„Gott hab‘ ihn selig!“
Otto von Habsburg war einer der interessantesten Menschen, denen ich je begegnet bin. Er wusste so ziemlich alles über das Leben, über Kultur, Soziales, Gesellschaft, Wirtschaft oder Politik und Geschichte. Er war ein wandelndes Lexikon, immer bereit den interessierten Zuhörer an seinem Wissen teilhaben zu lassen, zu debattieren, aber auch zu Dozieren. Das war faszinierend. Nie ist er dabei belehrend aufgetreten oder gar mit seinem Wissen protzend. Nein, er war dabei stets bescheiden und formvollendet höflich. Ein Gentleman vom Scheitel bis zur Sohle. Es ist ihm sogar gelungen, seine Kinder so stark für sich einzunehmen, dass diese freiwillig und mit großer Liebe und Enthusiasmus für seine Ziele eingetreten sind. Sie haben seine Sache zu ihrer eigenen gemacht, wie viele andere auch, die der Erzherzog zu faszinieren verstanden hat. Ein ganz großer Motivator, der seine visionäre Europa-Idee immer verfolgt hat, auch wenn er manchmal schmerzlich spüren musste, wie wenig er vom Mainstream verstanden wurde.
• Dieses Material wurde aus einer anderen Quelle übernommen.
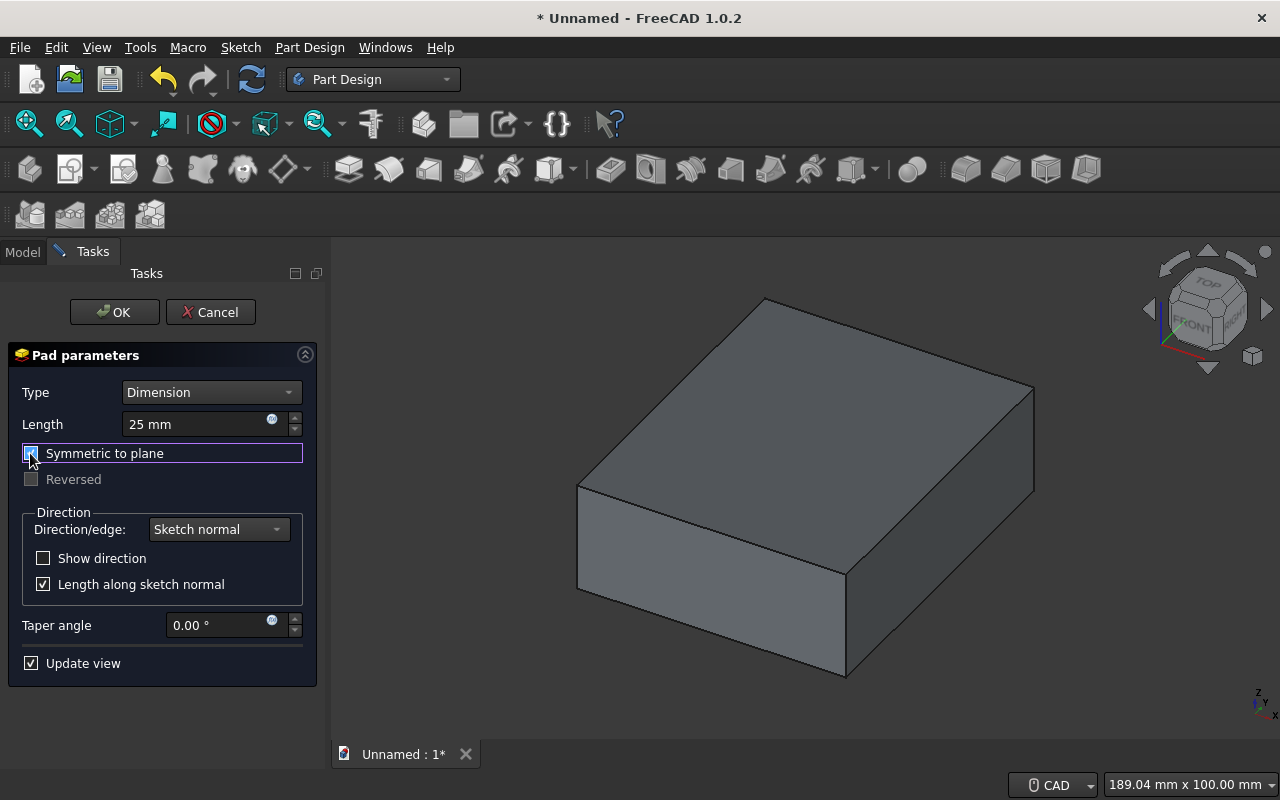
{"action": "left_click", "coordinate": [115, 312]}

Otto von Habsburg war ein ganz Großer, der demütig niederknien konnte vor seinem Herrgott, der die Menschen mit seiner bescheidenen Höflichkeit für sich gewinnen konnte. Ich bin froh, ihn gekannt zu haben, bin froh, immer seine Gesellschaft gesucht zu haben, denn ich habe jedes Mal etwas Wertvolles gelernt.
Als er einmal vor mir in seinen Kalender schaute und ich sah wie viele Termine eingetragen waren, äußerte ich  großes Erstaunen darüber, dass ein Mann der an die 90 Jahre alt war noch so viele Termine wahrnehmen konnte. Da zeigte er mir ganz stolz was er in den nächsten Tagen vorhatte: Vortrag vor der Loge des großen Orients. „Oh lal a“, sagte ich, „Du sprichst bei den Maurern?“ – „Ja“, sagte er, „wenn der heilige Bonifatius nicht zu den Germanen gepredigt hätte, wären die Deutschen immer noch Heiden“.
Gott hab‘ ihn selig – wir jedenfalls bewahren dankbar sein Andenken.